Abstract

Tumour-treating fields (TTFields) use alternating electric fields which interfere with dividing cells, thereby reducing tumour growth. Previous reports suggest that electrical forces on cell structure proteins interfered with the chromosome separation during mitosis and induced apoptosis. In the present report we evaluate electromagnetic exposure of cells in telophase/cytokinesis in order to further analyse the mechanism of action on cells. We performed numerical electromagnetic simulations to analyse the field distribution in a cell during different mitotic phases. Based thereon, we developed an electric lumped element model of the mitotic cell. Both the electromagnetic simulation and the lumped element model predict a local increase of the specific absorption rate (SAR) as a measure of the electromagnetically induced power absorption density at the mitotic furrow which may help to explain the anti-proliferative effect. In accordance with other reports, cell culture experiments confirmed that TTFields reduce the proliferation of different glioma cell lines in a field strength- and frequency-dependent manner. Furthermore, we found an additional dependence on the commutation time of the electrical fields.
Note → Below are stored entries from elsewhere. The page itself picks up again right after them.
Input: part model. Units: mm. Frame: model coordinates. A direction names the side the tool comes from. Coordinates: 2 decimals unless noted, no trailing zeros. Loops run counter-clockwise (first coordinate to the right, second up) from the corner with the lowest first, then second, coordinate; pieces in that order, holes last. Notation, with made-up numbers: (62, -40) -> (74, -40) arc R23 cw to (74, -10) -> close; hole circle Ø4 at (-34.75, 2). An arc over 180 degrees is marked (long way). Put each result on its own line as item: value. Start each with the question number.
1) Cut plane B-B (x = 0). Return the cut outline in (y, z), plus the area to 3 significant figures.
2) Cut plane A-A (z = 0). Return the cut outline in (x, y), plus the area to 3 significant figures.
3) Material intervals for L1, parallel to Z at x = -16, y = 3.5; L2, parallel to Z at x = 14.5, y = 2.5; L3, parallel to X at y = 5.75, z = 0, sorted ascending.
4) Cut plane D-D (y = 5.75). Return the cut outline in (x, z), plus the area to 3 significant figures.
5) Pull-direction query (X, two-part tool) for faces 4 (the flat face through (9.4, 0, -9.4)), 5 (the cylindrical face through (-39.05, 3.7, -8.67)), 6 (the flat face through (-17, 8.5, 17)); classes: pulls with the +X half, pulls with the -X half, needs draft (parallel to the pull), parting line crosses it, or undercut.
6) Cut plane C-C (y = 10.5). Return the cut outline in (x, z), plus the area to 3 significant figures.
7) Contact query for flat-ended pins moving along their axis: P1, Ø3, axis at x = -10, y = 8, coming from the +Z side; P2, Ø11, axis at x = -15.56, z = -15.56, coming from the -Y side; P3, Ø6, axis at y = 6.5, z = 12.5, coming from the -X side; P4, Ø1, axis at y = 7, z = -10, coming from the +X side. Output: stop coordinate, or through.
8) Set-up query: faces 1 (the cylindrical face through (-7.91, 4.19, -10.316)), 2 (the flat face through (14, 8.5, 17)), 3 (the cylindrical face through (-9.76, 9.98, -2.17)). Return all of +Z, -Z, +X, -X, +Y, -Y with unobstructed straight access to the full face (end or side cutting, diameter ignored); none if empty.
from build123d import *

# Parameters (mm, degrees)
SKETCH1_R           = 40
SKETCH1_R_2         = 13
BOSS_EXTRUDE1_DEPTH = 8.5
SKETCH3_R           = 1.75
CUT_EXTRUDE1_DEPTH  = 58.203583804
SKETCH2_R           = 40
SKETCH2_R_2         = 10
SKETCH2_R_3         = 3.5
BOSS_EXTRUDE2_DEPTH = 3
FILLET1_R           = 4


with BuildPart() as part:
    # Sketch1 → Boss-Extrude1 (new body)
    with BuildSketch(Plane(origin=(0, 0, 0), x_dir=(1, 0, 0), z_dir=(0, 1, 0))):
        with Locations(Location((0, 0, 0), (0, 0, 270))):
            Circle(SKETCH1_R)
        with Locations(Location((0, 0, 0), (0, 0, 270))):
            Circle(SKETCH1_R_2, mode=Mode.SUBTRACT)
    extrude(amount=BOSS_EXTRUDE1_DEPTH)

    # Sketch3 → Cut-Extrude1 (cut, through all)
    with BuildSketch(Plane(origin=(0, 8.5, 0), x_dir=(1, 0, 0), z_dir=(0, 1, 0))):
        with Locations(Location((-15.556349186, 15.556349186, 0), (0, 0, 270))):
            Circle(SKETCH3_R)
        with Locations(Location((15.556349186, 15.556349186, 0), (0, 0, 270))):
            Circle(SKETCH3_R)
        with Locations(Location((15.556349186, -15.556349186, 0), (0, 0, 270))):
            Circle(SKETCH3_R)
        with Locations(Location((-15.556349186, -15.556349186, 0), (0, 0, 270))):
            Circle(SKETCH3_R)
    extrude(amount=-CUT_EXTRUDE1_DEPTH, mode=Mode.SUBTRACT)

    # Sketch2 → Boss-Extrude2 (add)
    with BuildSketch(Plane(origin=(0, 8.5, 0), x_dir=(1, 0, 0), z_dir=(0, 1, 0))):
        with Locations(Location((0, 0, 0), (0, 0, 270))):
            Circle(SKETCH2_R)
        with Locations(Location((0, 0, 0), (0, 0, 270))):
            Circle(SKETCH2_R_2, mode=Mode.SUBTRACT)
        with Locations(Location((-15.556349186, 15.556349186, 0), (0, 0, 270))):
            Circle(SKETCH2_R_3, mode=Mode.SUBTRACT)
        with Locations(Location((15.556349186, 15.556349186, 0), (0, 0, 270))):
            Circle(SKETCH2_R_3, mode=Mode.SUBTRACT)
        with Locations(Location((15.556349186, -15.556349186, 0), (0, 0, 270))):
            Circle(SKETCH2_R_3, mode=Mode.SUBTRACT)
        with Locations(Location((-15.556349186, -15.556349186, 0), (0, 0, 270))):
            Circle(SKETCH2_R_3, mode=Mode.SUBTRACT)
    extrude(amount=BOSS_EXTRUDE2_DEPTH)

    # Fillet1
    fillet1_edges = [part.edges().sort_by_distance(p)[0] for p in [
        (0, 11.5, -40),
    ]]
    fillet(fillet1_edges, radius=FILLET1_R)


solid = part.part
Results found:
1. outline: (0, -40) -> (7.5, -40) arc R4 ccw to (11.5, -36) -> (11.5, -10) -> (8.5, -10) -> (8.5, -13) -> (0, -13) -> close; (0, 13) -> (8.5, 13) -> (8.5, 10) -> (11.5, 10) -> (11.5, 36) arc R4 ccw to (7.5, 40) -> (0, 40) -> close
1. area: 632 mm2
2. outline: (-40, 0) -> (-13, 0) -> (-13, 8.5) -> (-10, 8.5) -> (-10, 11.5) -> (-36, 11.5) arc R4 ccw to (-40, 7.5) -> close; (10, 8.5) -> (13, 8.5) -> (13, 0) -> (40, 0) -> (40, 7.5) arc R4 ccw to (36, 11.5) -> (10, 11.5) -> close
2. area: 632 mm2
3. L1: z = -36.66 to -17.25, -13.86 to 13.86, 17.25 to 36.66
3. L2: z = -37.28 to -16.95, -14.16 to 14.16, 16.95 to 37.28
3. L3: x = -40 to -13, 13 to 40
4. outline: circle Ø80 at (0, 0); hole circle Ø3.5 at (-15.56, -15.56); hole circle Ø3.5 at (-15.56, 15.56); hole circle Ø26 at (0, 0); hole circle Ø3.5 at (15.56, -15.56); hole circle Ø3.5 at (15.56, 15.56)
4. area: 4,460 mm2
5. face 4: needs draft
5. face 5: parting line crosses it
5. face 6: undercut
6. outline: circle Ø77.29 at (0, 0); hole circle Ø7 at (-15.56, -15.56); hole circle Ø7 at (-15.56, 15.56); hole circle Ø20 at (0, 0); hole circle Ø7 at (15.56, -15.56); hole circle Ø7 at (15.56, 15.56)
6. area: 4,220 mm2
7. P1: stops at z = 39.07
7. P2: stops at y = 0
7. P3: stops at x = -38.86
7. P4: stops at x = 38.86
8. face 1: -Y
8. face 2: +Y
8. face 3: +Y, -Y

The report gives new insights into TTFields’ anti-proliferative effect on tumours, which could help to improve future TTFields application systems.

Highlights

  • Tumour-treating fields (TTFields) use alternating electric fields which interfere with dividing cells, thereby reducing tumour growth

  • Power absorption due to the applied electromagnetic fields is investigated by analysing the specific absorption rate (SAR), which describes the absorbed power density

  • In the present report we show that TTFields reduce the proliferation of glioma cells (Table 2, Fig. 7) without completely stopping it, which might explain why, applied in clinical studies, TTFields till can not completely stop but only slow tumour growth[13,30]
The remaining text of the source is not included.